Requirement = Your answer should consist of each line below that contains the string "color".

========================================================================

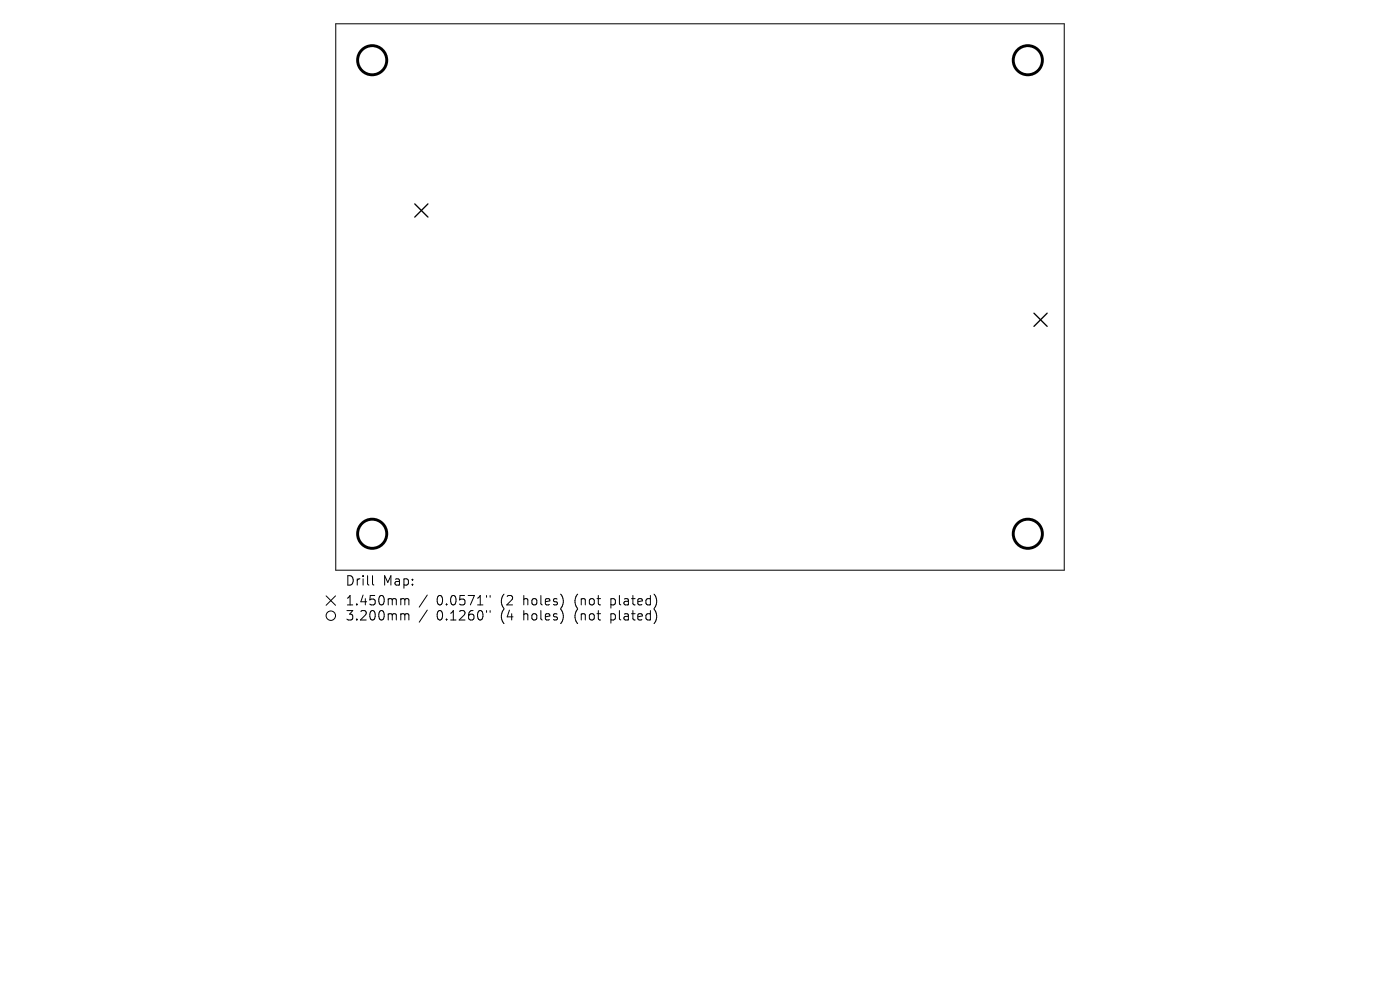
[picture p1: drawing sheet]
<svg xmlns="http://www.w3.org/2000/svg" width="297mm" height="210mm" viewBox="0 0 297 210" stroke-linecap="round" stroke-linejoin="round" font-family="sans-serif">
<defs><g id="words">
<g font-size="2.8">
<text x="73.2" y="124.5">Drill</text>
<text x="81.2" y="124.5">Map:</text>
<text x="73.2" y="128.7">1.450mm</text>
<text x="73.2" y="131.9">3.200mm</text>
<text x="92.6" y="128.7">0.0571&quot;</text>
<text x="92.6" y="131.9">0.1260&quot;</text>
<text x="106.4" y="128.7">(2</text>
<text x="106.4" y="131.9">(4</text>
<text x="111.3" y="128.7">holes)</text>
<text x="111.3" y="131.9">holes)</text>
<text x="122.4" y="128.7">(not</text>
<text x="122.4" y="131.9">(not</text>
<text x="130.2" y="128.7">plated)</text>
<text x="130.2" y="131.9">plated)</text>
</g>
</g></defs>
<g fill="none" stroke="#000" stroke-width=".21">
<path d="M71.2 5h154.6v116h-154.6zM69.2 126.4l2 2M71.2 126.4l-2 2M79 122.1v1.7l.3 .3M85.3 127h.3l.3 .3M85.3 130.2l.5 .1 .1 .2M85.9 127.3l.3-.3 .4 .1 .1 1.2M85.9 127.3v1M85.9 130.5v1M85.9 130.5l.3-.3 .4 .1 .1 1.2M90.6 126.2l-1.7 2.6M90.6 129.4l-1.7 2.6"/>
<path d="M103.2 126.3v.4M103.2 129.5v.4M104 126.3v.4M104 129.5v.4"/>
<circle cx="70.2" cy="130.6" r="1"/>
</g>
<path d="M88 43.2l2.8 2.9M90.8 43.2l-2.8 2.9M219.3 66.4l2.9 2.8M222.2 66.4l-2.9 2.8" fill="none" stroke="#000" stroke-width=".28"/>
<g fill="none" stroke="#000" stroke-width=".62">
<circle cx="79" cy="12.8" r="3.1"/>
<circle cx="218" cy="12.8" r="3.1"/>
<circle cx="79" cy="113.2" r="3.1"/>
<circle cx="218" cy="113.2" r="3.1"/>
</g>
<use href="#words"/>
</svg>
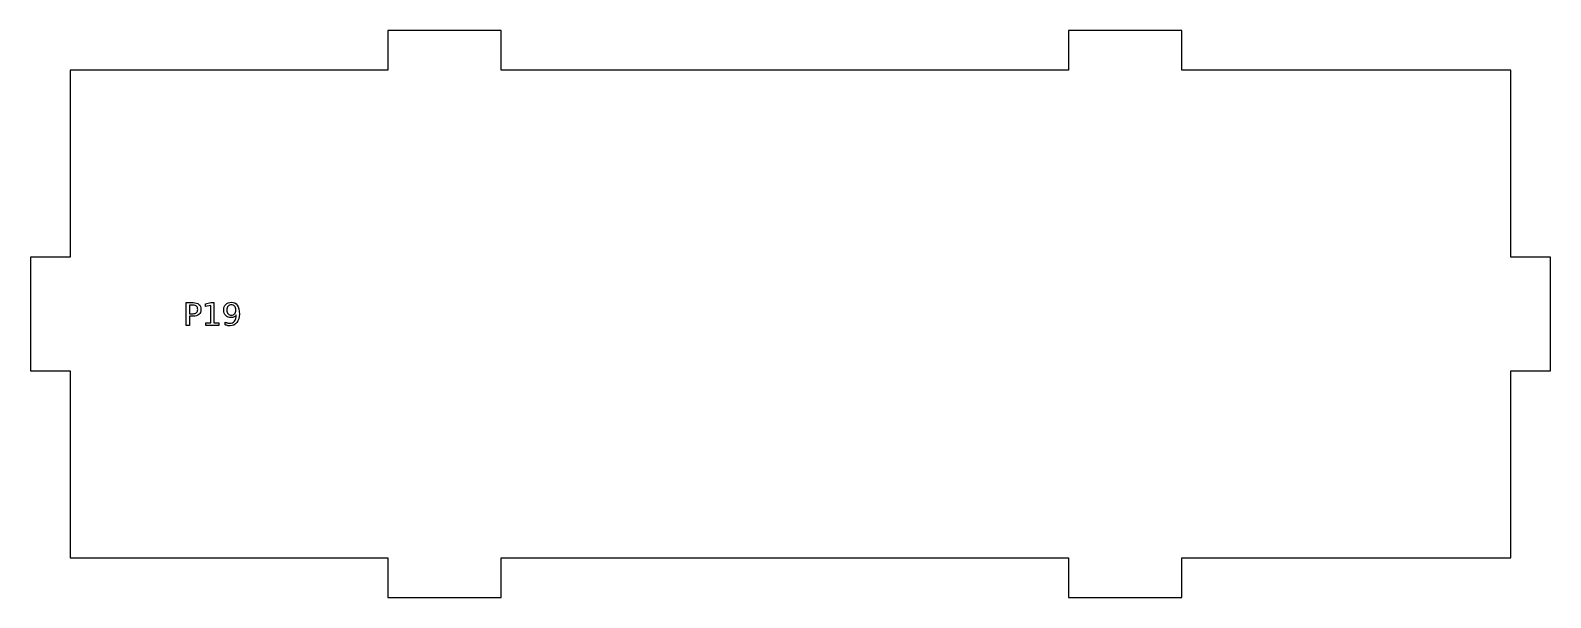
# Model space of a CAD drawing. Header units: millimetres. Extents: x 0 to 268, y 0 to 100.
import ezdxf

# ---------------------------------------------------------------- set-up
doc = ezdxf.new("R2010")
doc.units = ezdxf.units.MM
doc.layers.add('CUT', color=1, linetype='Continuous')
doc.layers.add('LABELS', color=3, linetype='Continuous')

msp = doc.modelspace()

# ---------------------------------------------------------------- linework, layer by layer
at = {"layer": 'CUT'}
msp.add_lwpolyline([(7, 7), (63, 7), (63, 0), (83, 0), (83, 7), (183, 7), (183, 0), (203, 0), (203, 7), (261, 7), (261, 40), (268, 40), (268, 60), (261, 60), (261, 93), (203, 93), (203, 100), (183, 100), (183, 93), (83, 93), (83, 100), (63, 100), (63, 93), (7, 93), (7, 60), (0, 60), (0, 40), (7, 40)], close=True, dxfattribs=at)
at = {"layer": 'LABELS'}
for points in [[(27.48, 52), (28.7, 52), (29.01, 51.98), (29.29, 51.92), (29.52, 51.83), (29.72, 51.7), (29.87, 51.53), (29.97, 51.32), (30.04, 51.08), (30.06, 50.81), (30.04, 50.53), (29.97, 50.29), (29.87, 50.08), (29.72, 49.91), (29.52, 49.78), (29.29, 49.68), (29.01, 49.63), (28.7, 49.61), (28.02, 49.61), (28.02, 48), (27.48, 48), (27.48, 52)], [(28.02, 51.56), (28.02, 50.05), (28.7, 50.05), (28.88, 50.06), (29.03, 50.1), (29.17, 50.16), (29.28, 50.25), (29.37, 50.36), (29.44, 50.48), (29.48, 50.63), (29.49, 50.81), (29.48, 50.97), (29.44, 51.12), (29.37, 51.25), (29.28, 51.36), (29.17, 51.45), (29.03, 51.51), (28.88, 51.54), (28.7, 51.56), (28.02, 51.56)], [(30.93, 48.46), (31.81, 48.46), (31.81, 51.51), (30.85, 51.31), (30.85, 51.81), (31.81, 52), (32.35, 52), (32.35, 48.46), (33.23, 48.46), (33.23, 48), (30.93, 48), (30.93, 48.46)], [(34.34, 48.08), (34.34, 48.58), (34.44, 48.53), (34.55, 48.49), (34.65, 48.46), (34.75, 48.43), (34.86, 48.41), (34.96, 48.39), (35.06, 48.38), (35.16, 48.38), (35.42, 48.4), (35.64, 48.47), (35.82, 48.58), (35.98, 48.74), (36.11, 48.94), (36.2, 49.19), (36.27, 49.49), (36.3, 49.83), (36.22, 49.72), (36.13, 49.63), (36.02, 49.55), (35.91, 49.48), (35.79, 49.42), (35.66, 49.39), (35.52, 49.36), (35.38, 49.36), (35.1, 49.38), (34.85, 49.45), (34.62, 49.56), (34.43, 49.72), (34.28, 49.92), (34.17, 50.15), (34.11, 50.41), (34.08, 50.71), (34.11, 51), (34.17, 51.27), (34.29, 51.5), (34.45, 51.7), (34.65, 51.86), (34.87, 51.98), (35.13, 52.05), (35.42, 52.07), (35.74, 52.04), (36.03, 51.94), (36.27, 51.77), (36.48, 51.54), (36.64, 51.24), (36.75, 50.89), (36.82, 50.47), (36.84, 50), (36.82, 49.55), (36.73, 49.15), (36.59, 48.79), (36.39, 48.49), (36.15, 48.24), (35.87, 48.06), (35.55, 47.96), (35.19, 47.92), (35.09, 47.92), (34.98, 47.93), (34.88, 47.94), (34.77, 47.96), (34.67, 47.99), (34.56, 48.01), (34.45, 48.05), (34.34, 48.08)], [(35.42, 49.78), (35.59, 49.79), (35.74, 49.84), (35.88, 49.92), (36, 50.03), (36.09, 50.16), (36.15, 50.32), (36.19, 50.51), (36.21, 50.71), (36.19, 50.92), (36.15, 51.1), (36.09, 51.26), (36, 51.39), (35.88, 51.5), (35.74, 51.58), (35.59, 51.63), (35.42, 51.64), (35.25, 51.63), (35.09, 51.58), (34.96, 51.5), (34.84, 51.39), (34.75, 51.26), (34.68, 51.1), (34.64, 50.92), (34.63, 50.71), (34.64, 50.51), (34.68, 50.32), (34.75, 50.16), (34.84, 50.03), (34.96, 49.92), (35.09, 49.84), (35.25, 49.79), (35.42, 49.78)]]:
    msp.add_lwpolyline(points, close=True, dxfattribs=at)

doc.saveas('drawing.dxf')

========================================================================

Written solution =
doc.layers.add('CUT', color=1, linetype='Continuous')
doc.layers.add('LABELS', color=3, linetype='Continuous')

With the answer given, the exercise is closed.